Hope everyone had a pleasant and appropriately debauched New Year's Eve. I'd talk about mine, but the arrest warrants just got issued the other day, so my lawyer advised me to stay silent. Moving on...

The Wired article I mentioned earlier about the coolness of new-tech prefab houses is online. Well worth reading, just for the geek factor alone.

The New York Times had a fairly good look at whether or not homes are more affordable now. The conclusion seems mixed--you can get a lot more home for your buck, but you also need both the husband and the wife out there winning bread to get it done. And not only that, but the house is being used not only as a dwelling, but as an ATM--a "bank" to pull money out of for expenses both necessary and luxurious. Money quote:

In a nationwide New York Times/CBS News poll conducted this month, 75 percent of respondents said they thought most families in their community spent a larger share of their income on housing now than in the 1980's. Only 5 percent said the share was smaller.

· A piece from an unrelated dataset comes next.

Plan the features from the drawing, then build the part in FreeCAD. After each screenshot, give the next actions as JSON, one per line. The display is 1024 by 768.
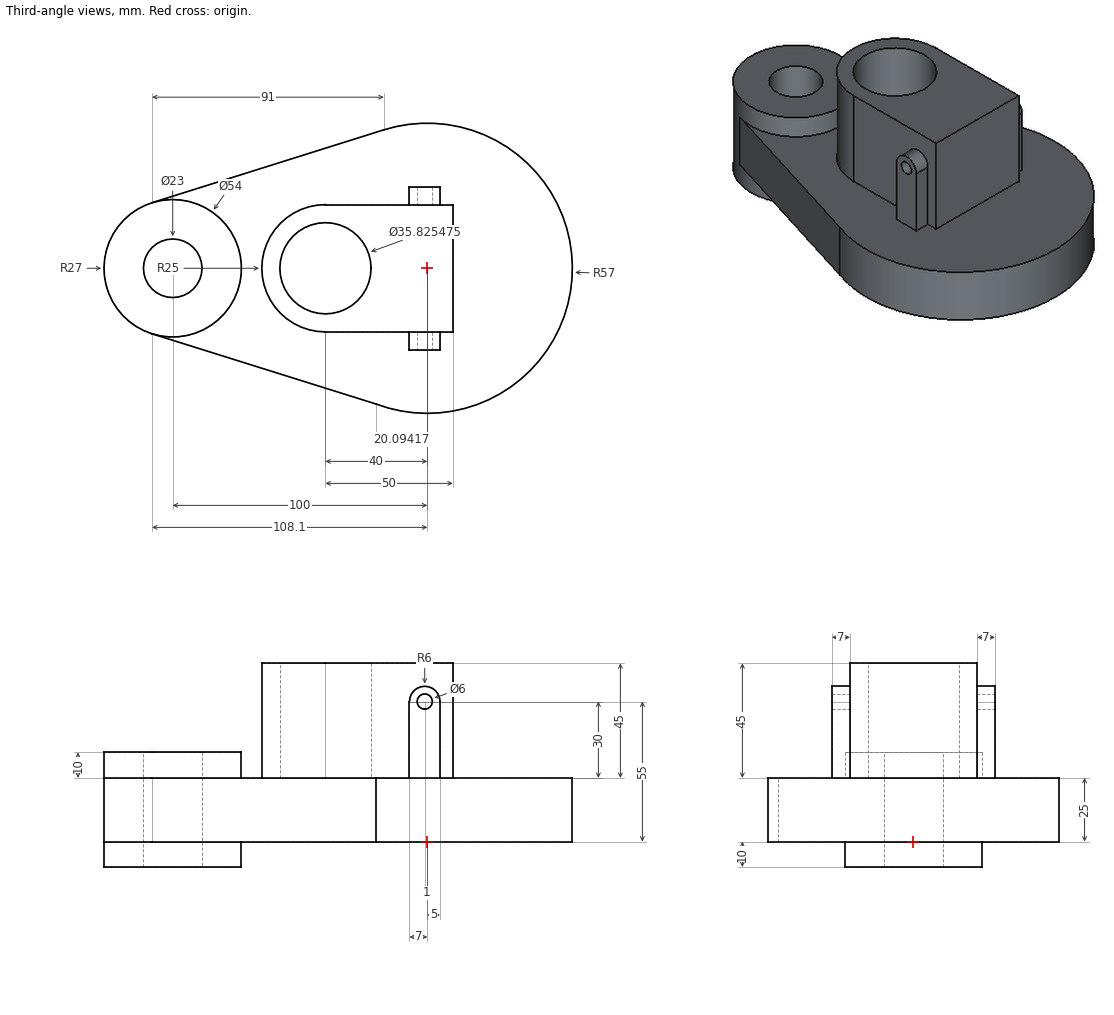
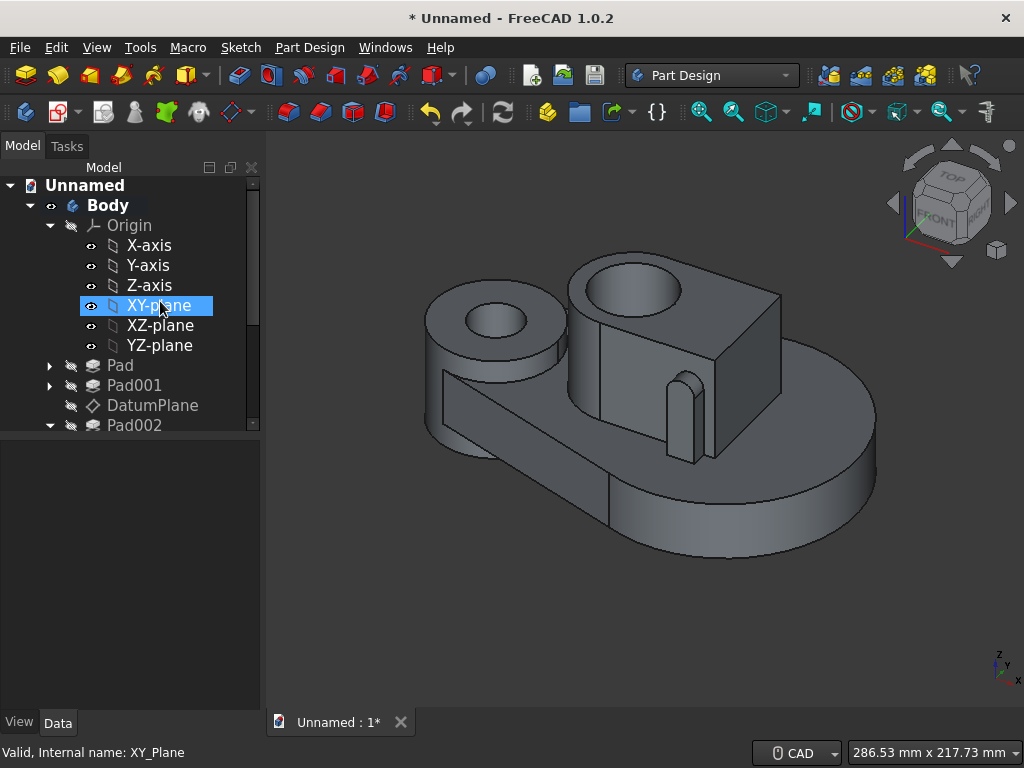
{"action": "left_click", "coordinate": [136, 326]}

One possible reason for the perception is that many families have recently taken on mortgage debt to pay for items other than housing. Some have folded higher interest loans, like credit card debt, into their mortgage, said Mark Zandi, chief economist at Moody's Economy.com. Others have used home equity loans to pay for a new car, tuition or even a vacation.

This has caused mortgage payments to rise over the last generation - especially among high-income families, according to Federal Reserve data - for reasons besides the cost of housing.

Bankruptcy expert and Harvard professor Elizabeth Warren provides some much-needed contextual analysis over at TPM Cafe. Actually, the most telling bit of news isn't in Warren's article, but one of the comments, specifically this one. Granted, Orange County is one of the richest regions in America, where $300,000 a year is middle income, but California has always been a prophetess of the housing market, for good and ill. What happens there on the microscale may be what we can look forward to on the macro scale.

Of course, then you have guys like Ed Glaeser, who insist that Boston's own slowdown isn't due to insane prices, lack of land, or consumers' dwindling appetites, but those pesky environmental regulations. Never mind that those regulations are responsible for, say, the air we breathe.

This is another example of the housing boom battle in microcosm--the NIMBY attitude of suburban homeowners who want space and luxury, versus the "grow at any cost" developers and builders who want to erect junk condo after junk condo. It's a lose-lose situation, especially since the real losers are first-time homebuyers and renters who simply can't pull together the funds to meet the astronomical demands of the market. The slowdown is going to force everyone to reevaluate their stances on housing, and hopefully will produce better results than all this bitching.

Of course, if you want to bitch about the housing market, read this absolutely merciless essay on how Greenspan skewered America. Bernanke would do well to check this out--it's a look into his own future if he doesn't get things back on track.